§ **Your task**
Copy each line of the data below exactly, leaving out pictures.

§ **Given data**
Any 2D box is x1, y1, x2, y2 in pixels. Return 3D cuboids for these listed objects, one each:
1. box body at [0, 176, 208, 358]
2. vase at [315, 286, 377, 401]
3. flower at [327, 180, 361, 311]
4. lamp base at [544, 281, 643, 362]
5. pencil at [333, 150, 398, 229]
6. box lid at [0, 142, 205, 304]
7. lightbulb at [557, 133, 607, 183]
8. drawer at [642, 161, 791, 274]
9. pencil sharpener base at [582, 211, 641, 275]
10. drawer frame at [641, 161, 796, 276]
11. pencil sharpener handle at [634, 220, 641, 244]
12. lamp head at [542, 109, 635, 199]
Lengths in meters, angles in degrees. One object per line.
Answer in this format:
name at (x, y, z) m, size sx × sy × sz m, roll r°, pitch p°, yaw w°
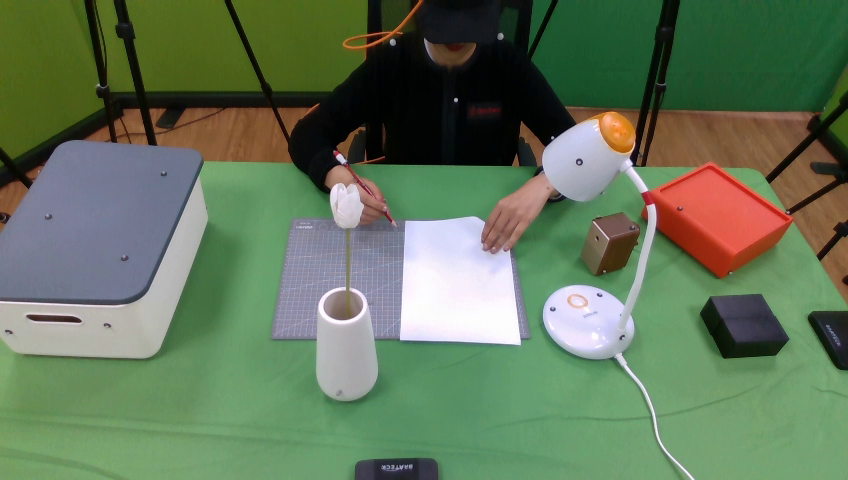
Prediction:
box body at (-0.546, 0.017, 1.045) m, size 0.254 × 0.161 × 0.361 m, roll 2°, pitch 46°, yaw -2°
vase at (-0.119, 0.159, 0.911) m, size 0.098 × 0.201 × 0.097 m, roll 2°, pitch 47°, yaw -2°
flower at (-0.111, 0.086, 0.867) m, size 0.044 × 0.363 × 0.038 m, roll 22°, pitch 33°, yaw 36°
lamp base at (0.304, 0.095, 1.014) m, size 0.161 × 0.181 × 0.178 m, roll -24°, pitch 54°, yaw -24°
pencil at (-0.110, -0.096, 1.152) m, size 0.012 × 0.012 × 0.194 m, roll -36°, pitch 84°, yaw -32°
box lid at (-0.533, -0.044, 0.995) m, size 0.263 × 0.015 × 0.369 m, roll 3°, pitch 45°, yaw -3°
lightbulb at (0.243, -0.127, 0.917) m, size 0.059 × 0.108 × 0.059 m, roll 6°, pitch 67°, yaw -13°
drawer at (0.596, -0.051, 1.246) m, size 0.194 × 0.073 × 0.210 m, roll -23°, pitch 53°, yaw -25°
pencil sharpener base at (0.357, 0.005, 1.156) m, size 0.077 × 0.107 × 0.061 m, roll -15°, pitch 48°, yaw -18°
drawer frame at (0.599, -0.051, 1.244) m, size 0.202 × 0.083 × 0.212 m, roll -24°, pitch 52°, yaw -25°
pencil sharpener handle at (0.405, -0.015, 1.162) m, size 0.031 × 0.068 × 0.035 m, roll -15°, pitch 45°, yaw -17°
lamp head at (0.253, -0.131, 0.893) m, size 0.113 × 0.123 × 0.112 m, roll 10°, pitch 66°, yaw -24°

§ **Exercise answer**
Any 2D box is x1, y1, x2, y2 in pixels. Return 3D cuboids for these listed objects, one each:
1. box body at [0, 176, 208, 358]
2. vase at [315, 286, 377, 401]
3. flower at [327, 180, 361, 311]
4. lamp base at [544, 281, 643, 362]
5. pencil at [333, 150, 398, 229]
6. box lid at [0, 142, 205, 304]
7. lightbulb at [557, 133, 607, 183]
8. drawer at [642, 161, 791, 274]
9. pencil sharpener base at [582, 211, 641, 275]
10. drawer frame at [641, 161, 796, 276]
11. pencil sharpener handle at [634, 220, 641, 244]
12. lamp head at [542, 109, 635, 199]
Lengths in meters, angles in degrees. One object per line.
Answer in this format:
name at (x, y, z) m, size sx × sy × sz m, roll r°, pitch p°, yaw w°
Prediction:
box body at (-0.546, 0.017, 1.045) m, size 0.254 × 0.161 × 0.361 m, roll 2°, pitch 46°, yaw -2°
vase at (-0.119, 0.159, 0.911) m, size 0.098 × 0.201 × 0.097 m, roll 2°, pitch 47°, yaw -2°
flower at (-0.111, 0.086, 0.867) m, size 0.044 × 0.363 × 0.038 m, roll 22°, pitch 33°, yaw 36°
lamp base at (0.304, 0.095, 1.014) m, size 0.161 × 0.181 × 0.178 m, roll -24°, pitch 54°, yaw -24°
pencil at (-0.110, -0.096, 1.152) m, size 0.012 × 0.012 × 0.194 m, roll -36°, pitch 84°, yaw -32°
box lid at (-0.533, -0.044, 0.995) m, size 0.263 × 0.015 × 0.369 m, roll 3°, pitch 45°, yaw -3°
lightbulb at (0.243, -0.127, 0.917) m, size 0.059 × 0.108 × 0.059 m, roll 6°, pitch 67°, yaw -13°
drawer at (0.596, -0.051, 1.246) m, size 0.194 × 0.073 × 0.210 m, roll -23°, pitch 53°, yaw -25°
pencil sharpener base at (0.357, 0.005, 1.156) m, size 0.077 × 0.107 × 0.061 m, roll -15°, pitch 48°, yaw -18°
drawer frame at (0.599, -0.051, 1.244) m, size 0.202 × 0.083 × 0.212 m, roll -24°, pitch 52°, yaw -25°
pencil sharpener handle at (0.405, -0.015, 1.162) m, size 0.031 × 0.068 × 0.035 m, roll -15°, pitch 45°, yaw -17°
lamp head at (0.253, -0.131, 0.893) m, size 0.113 × 0.123 × 0.112 m, roll 10°, pitch 66°, yaw -24°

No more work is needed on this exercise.